Arts & Culture > The Man Behind the Art
 

The Man Behind the Art

WHEN ANGRY, SERVE BACON
By BARBARA HOFFMAN
HAD Prozac been around 50 years ago, Francis Bacon's work might not have sizzled.
He
was an atheist and an existen tialist, a gay man in an England that
imprisoned homosexuals. Angry and driven, he unleashed his paintings of
frenzied dogs, howling mouths and monstrous popes on an often appalled
public.

It was Prime Minister Maggie Thatcher who called him "the artist who paints those horrible pictures."
Now,
100 years after his birth -- and 17 years since his death -- the Met is
bringing home the Bacon with an impressive retrospective: more than 60
paintings, some never displayed before, alongside archival bits from
his London studio.

It's a breathtaking if flinch-inducing look at the self-taught painter who's one of the biggest influences on artists today.
That
he's no longer with us, says Met curator Gary Tinterow, frees us to see
his work "unencumbered by his personality" -- which was bigger (and
bleaker) than life.

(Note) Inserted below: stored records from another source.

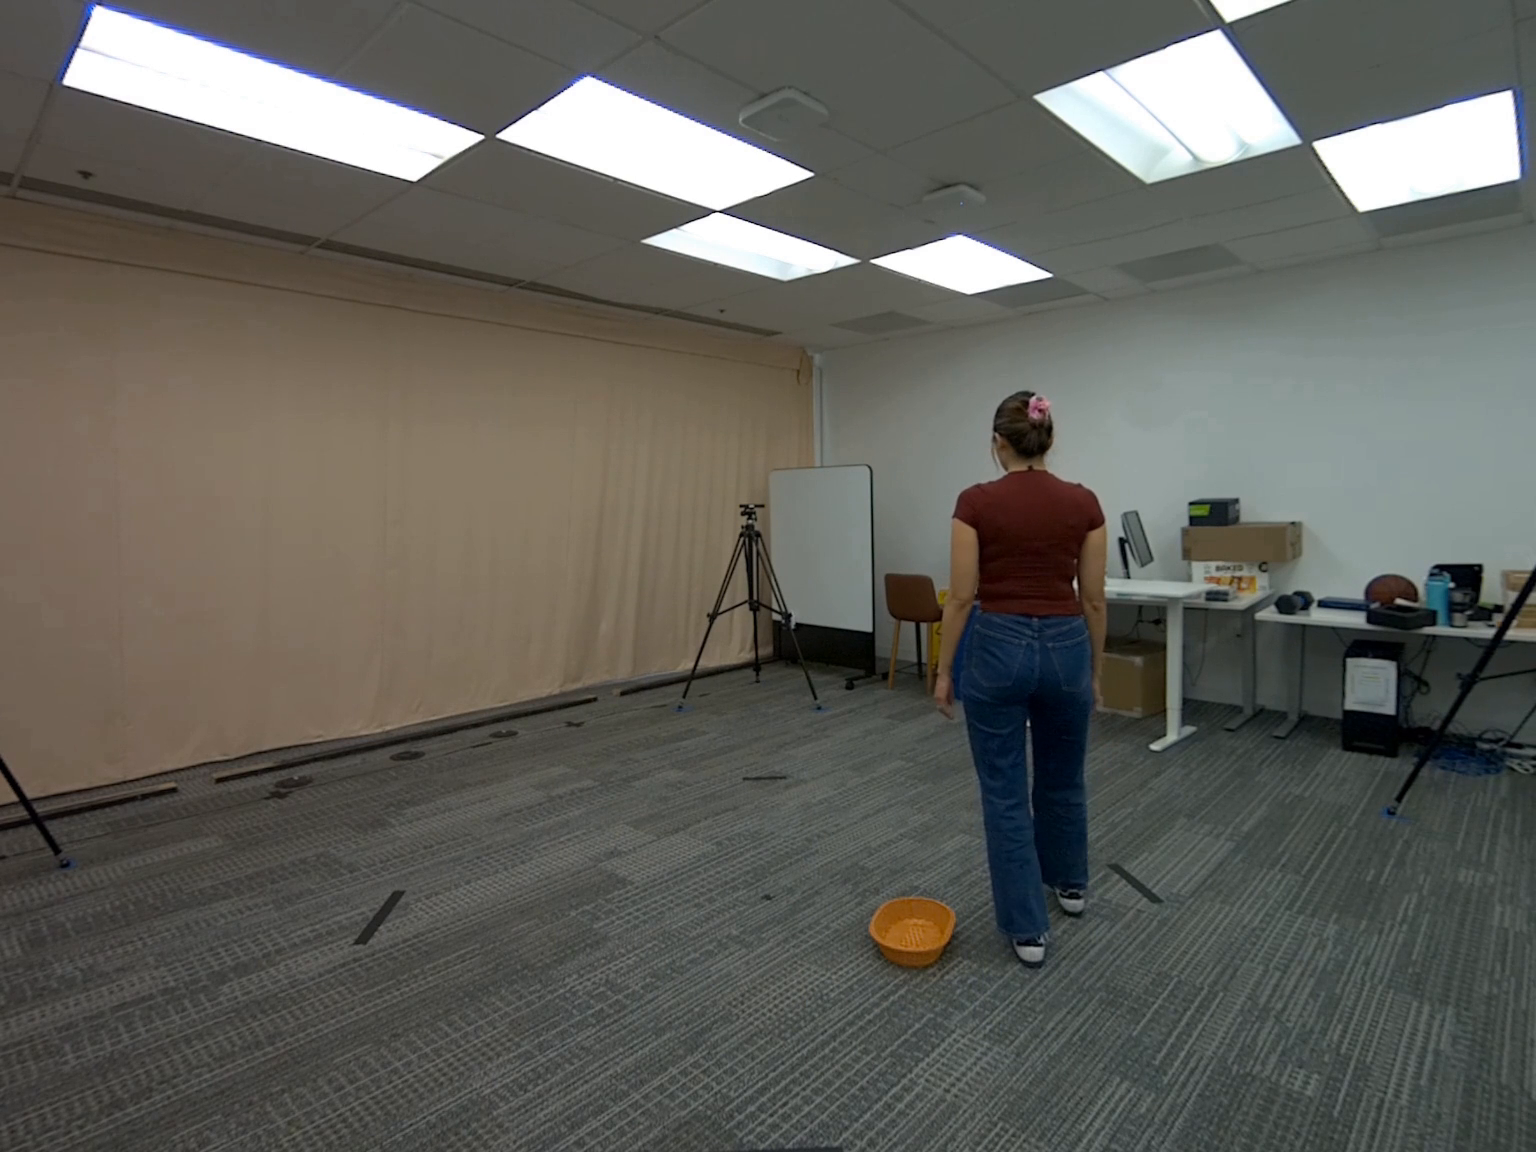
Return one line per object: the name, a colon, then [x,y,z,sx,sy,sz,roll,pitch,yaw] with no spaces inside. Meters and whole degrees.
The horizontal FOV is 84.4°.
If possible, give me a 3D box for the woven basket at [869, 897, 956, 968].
woven basket: [0.457,1.123,2.653,0.259,0.073,0.342,-1,4,25]
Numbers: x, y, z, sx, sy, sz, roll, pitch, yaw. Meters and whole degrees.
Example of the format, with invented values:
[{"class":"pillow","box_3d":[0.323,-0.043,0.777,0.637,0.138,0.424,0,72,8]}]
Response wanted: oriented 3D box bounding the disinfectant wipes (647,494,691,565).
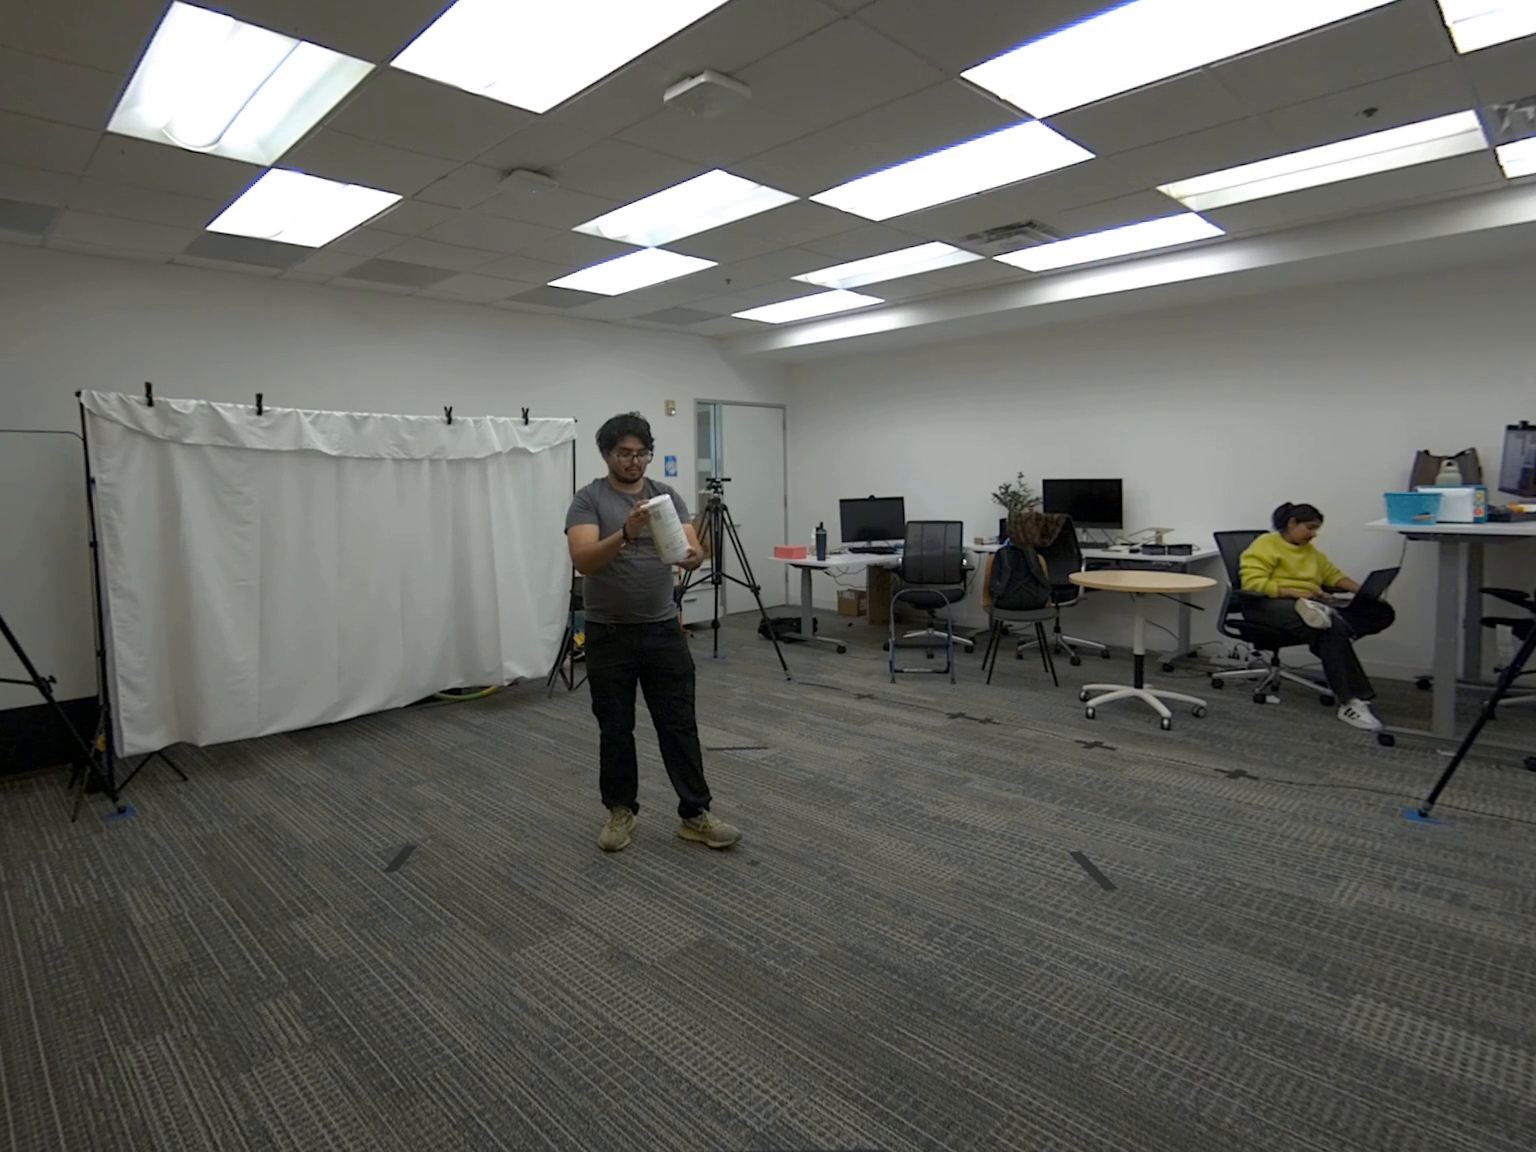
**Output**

It's also freed up his archive and lets us visit --
via a life-size photo mural -- his London studio, with its hodgepodge
of bristling brushes and crumpled black-and-white photos.

Like
Greta Garbo, Bacon wanted to be alone, preferring to paint from photos
instead of the real thing. For a time, he also caged his subjects --
popes and apes, particularly -- behind shutter-like lines that masked
any faults in his technique. He also put his paintings behind glass --
the better to let viewers see their own reflections and be drawn into
the darkness within.

Moving from room
to room, you can actually see Bacon tweaking his technique, picking up
what he liked from Goya, Picasso and van Gogh. Thrumming underneath it
all -- the butchered bodies, shadowy businessmen, the libertine nailed
to her bed with a hypodermic syringe -- is a fury that seems to
dissipate in the later, calmer portraits.

You
can see Bacon's technique grow more assured in his paintings of George
Dyer, the petty thief who was his one-time lover (they met when Dyer
broke into Bacon's London studio). The backgrounds of these paintings
are lighter, the feeling warmer.

The
final paintings of bullfights and Greek tragedies seem almost
lighthearted after the mayhem that's come before, thanks perhaps to his
finding peace with the illiterate but good-hearted Cockney he named his
heir.

"Champagne for my real friends,
real pain for my sham friends," Bacon liked to say. (You can buy a
T-shirt with the saying at the museum's gift shop).

He
spent his final days tended by nuns in a hospital in Spain, a crucifix
over his bed. He probably would have appreciated the irony.